2. Advantages and Disadvantages of Powder Injection Molding (MIM) Advantages

1) Advantages

• High material utilization rate (close to 100%): The "near-net-shape" feature enables the parts to closely resemble the final product, requiring only a small amount of subsequent processing, with a waste rate of less than 5%. This is particularly suitable for cost control of precious metals and rare alloys (such as titanium alloys, stainless steel).

• Adapted for mass production of complex parts: Once the mold development is completed, the injection molding - degreasing - sintering process can be standardized for mass production (with a daily output of up to tens of thousands of pieces); it can form complex structures (such as multiple steps, micro-holes, hollowing, internal cavities) in one go, without the need for multiple processes to be joined together.

• High dimensional accuracy and good consistency: The dimensional tolerance after sintering is usually within ±0.1% to ±0.5% (adjustable according to the part size), and the dimensional and performance consistency of the parts in mass production is better than that of mechanical processing (reducing human operational errors).

• Enable multiple material composite molding: It can mix different components of powders, or achieve "two-color/multi-color" composite during injection molding (such as the combination of hard and soft alloys), expanding the function of the parts (such as a wear-resistant head + a ductile matrix).

2)Disadvantages

• High mold cost and large initial investment: MIM molds need to be compatible with injection molding machines and must consider the sintering shrinkage rate (usually 3%-20%). The mold design and manufacturing process is long (1-3 months) and costly (ranging from tens of thousands to hundreds of thousands of yuan), making it unsuitable for small batch (<10,000 pieces) production.

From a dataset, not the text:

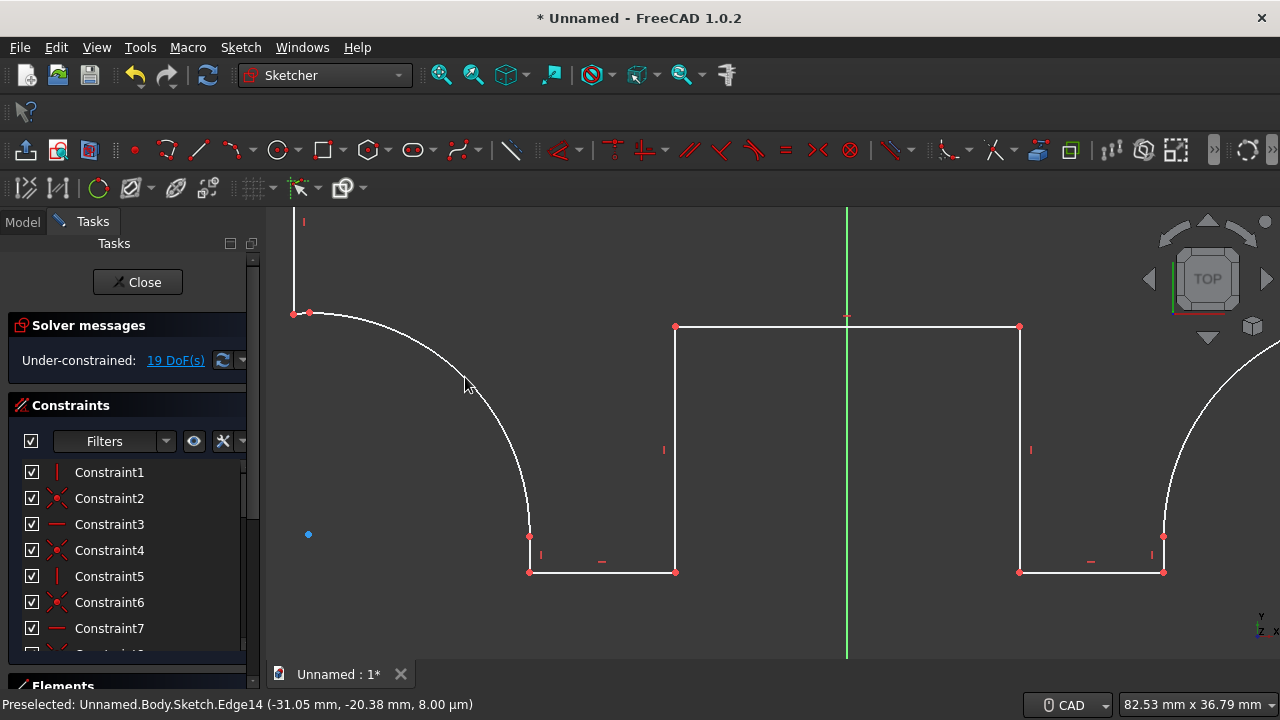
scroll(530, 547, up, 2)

• Material selection is limited: It is only applicable to powdered raw materials (such as stainless steel, iron-based alloys, ceramics). It is difficult to sinter densify high-hardness and high-toughness materials (such as certain high-speed steels), and there are a few pores in the sintered parts (the density is usually 95%-99% of the theoretical density), with mechanical properties slightly lower than forged parts / machined parts.

• Complex process flow and strict parameter control: It requires multiple steps such as "feeding preparation - injection - degreasing - sintering", and each step's parameters (such as injection temperature, degreasing speed, sintering atmosphere) will affect the quality of the parts (improper degreasing can cause cracking, and deviation in sintering temperature can lead to dimensional deviations). High production management requirements are also necessary.

• Part size is limited: It is restricted by the tonnage of the injection molding machine and the size of the sintering furnace. MIM is suitable for small and medium-sized parts (usually weighing <500g and maximum size <200mm), and the sintering uniformity of large parts is difficult to guarantee.

III. Comparison Chart of Core Indicators between Mechanical Processing and MIM Technology

IV. Process Selection Suggestions

1. Prioritize scenarios for mechanical processing:

   o The parts are in small batches (<1000 pieces) or have customized requirements (such as samples, spare parts);

   o High precision (tolerance <±0.01mm) or surface quality (Ra <0.8μm) is required;

   o The materials are of high hardness and non-sinterable types (such as high-speed steel, hard alloy tools);

   o The part sizes are large (weight > 500g, size > 200mm).

2. Prioritize scenarios for powder injection molding (MIM):

   o The parts are for mass production (>10,000 pieces) and have complex structures (multiple steps, micropores, internal cavities);

   o The materials are precious metals or rare alloys (such as titanium alloys, stainless steel), and cost control is required;

   o The part sizes are small (weight < 500g), and high consistency is required (such as batch electronic components);

   o Composite materials or special functions (such as wear resistance + toughness combination) are needed.